Possibility of pausing, Risk of killing, and potential for resuming a forget and prune command?

mlissner · February 29, 2020, 3:24pm

I’ve been running a forget and prune command for about a week and it looks like we’re going to be doing some networking maintenance this weekend. Three questions:

Any way to pause this process and resume it later?
Assuming a pause/resume is impossible, will killing the command cause any kinds of issues at any point or is there a safe way to do so?
Is there anything I can do to salvage the week of work it’s already done if I have to kill it?
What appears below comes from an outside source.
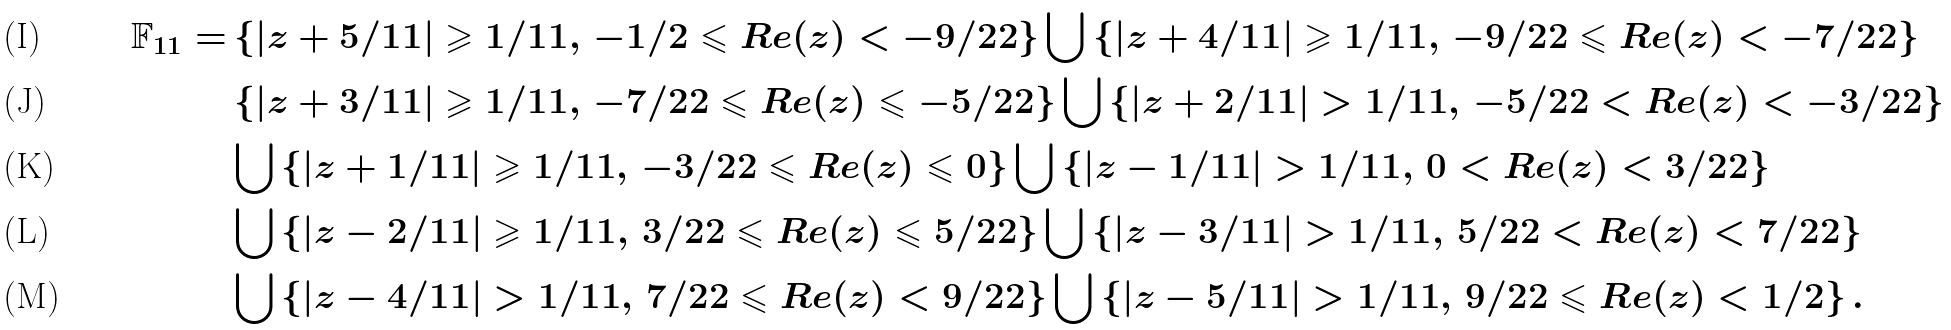Convert formula to latex. <formula><loc_0><loc_0><loc_500><loc_500>\mathbb { F } _ { 1 1 } = & \left \{ | z + 5 / 1 1 | \geqslant 1 / 1 1 , \, - 1 / 2 \leqslant R e ( z ) < - 9 / 2 2 \right \} \bigcup \left \{ | z + 4 / 1 1 | \geqslant 1 / 1 1 , \, - 9 / 2 2 \leqslant R e ( z ) < - 7 / 2 2 \right \} \\ & \left \{ | z + 3 / 1 1 | \geqslant 1 / 1 1 , \, - 7 / 2 2 \leqslant R e ( z ) \leqslant - 5 / 2 2 \right \} \bigcup \left \{ | z + 2 / 1 1 | > 1 / 1 1 , \, - 5 / 2 2 < R e ( z ) < - 3 / 2 2 \right \} \\ & \bigcup \left \{ | z + 1 / 1 1 | \geqslant 1 / 1 1 , \, - 3 / 2 2 \leqslant R e ( z ) \leqslant 0 \right \} \bigcup \left \{ | z - 1 / 1 1 | > 1 / 1 1 , \, 0 < R e ( z ) < 3 / 2 2 \right \} \\ & \bigcup \left \{ | z - 2 / 1 1 | \geqslant 1 / 1 1 , \, 3 / 2 2 \leqslant R e ( z ) \leqslant 5 / 2 2 \right \} \bigcup \left \{ | z - 3 / 1 1 | > 1 / 1 1 , \, 5 / 2 2 < R e ( z ) < 7 / 2 2 \right \} \\ & \bigcup \left \{ | z - 4 / 1 1 | > 1 / 1 1 , \, 7 / 2 2 \leqslant R e ( z ) < 9 / 2 2 \right \} \bigcup \left \{ | z - 5 / 1 1 | > 1 / 1 1 , \, 9 / 2 2 \leqslant R e ( z ) < 1 / 2 \right \} .</formula>

Here’s the current status:

158 snapshots have been removed, running prune
counting files in repo
building new index for repo
Remove(<lock/e5c559ef2a>) returned error, retrying after 708.613426ms: Delete: b2_delete_file_version: 401:
[74:08:42] 100.00%  2337523 / 2337523 packs
repository contains 2337523 packs (6331452 blobs) with 12.437 TiB
processed 6331452 blobs: 1205 duplicate blobs, 1.821 GiB duplicate
load all snapshots
find data that is still in use for 7 snapshots
[0:09] 100.00%  7 / 7 snapshots
found 464185 of 6331452 data blobs still in use, removing 5867267 blobs
will remove 0 invalid files
will delete 2126818 packs and rewrite 48062 packs, this frees 11.457 TiB
[17:11:53] 100.00%  48062 / 48062 packs rewritten
counting files in repo
[5:55:47] 100.00%  179479 / 179479 packs
finding old index files
saved new indexes as [278a4115 ae633cc0 acdc5e71 8e0ca6f5 9eaf48d9 9f8b3d14 0f7af28c fa8c1eb8 22f23d40 69d59870 eb66fdeb 40c9efdc c998c783 e40d98c9 108311bb 49a9efbc 7487b3a3 52da13c8 edaa3377 e05f0926 b6c7c100 afc5e1ed f97e0f85 156bcee1 092995de 900deb00 fb6faabe 55e6625e 62b5e9e8 1c58e90a 20100946 5f51edc7 94de6103 7213a8fb 7ba45c62 6daa7cf1 9c1756cc 3293114e 0b32a51f 3218dd27 5f9f7692 d8852160 52b83e03 19752999 e854d9d2 956db2fa f62697cb d3dd3609 8827a9d3 06d7437f 0bd449f2 fd77c0ca 41db9baf ff14ffcc 2ff8e0d5 333d3511 359be7d8 ecbfe72c 26f31138 0ce43382]
remove 3148 old index files
[12:32:33] 3.83% 83494 / 2174880 packs deleted

Thanks for any ideas.

cdhowie · March 1, 2020, 5:59am

If on Linux, you could try CTRL+Z and leaving the terminal session open. Later you can run fg to resume the process.

If any network activity is ongoing, restic should retry it.

You absolutely cannot run any operations against the repository while the prune operation is suspended. Data loss can result. Prune’s lock should still be in the repository, so you’ll be fine as long as neither you nor any of your backup scripts call restic unlock.

All restic commands are designed to leave the repository in a consistent state when killed. Usually, the worst-case scenario is the creation of some redundant data which a future prune operation will clean up.

mlissner · March 1, 2020, 6:25am

Thanks so much. This is really great information. I’ll report back about how CTRL+Z goes, though the latest from the hardware folks is that the network maintenance may be postponed.

nicnab · March 1, 2020, 10:22am

May I add taking a look at tmux as well? I use that whenever I do work via ssh and want to feel safe that a broken connection doesn’t affect my processes.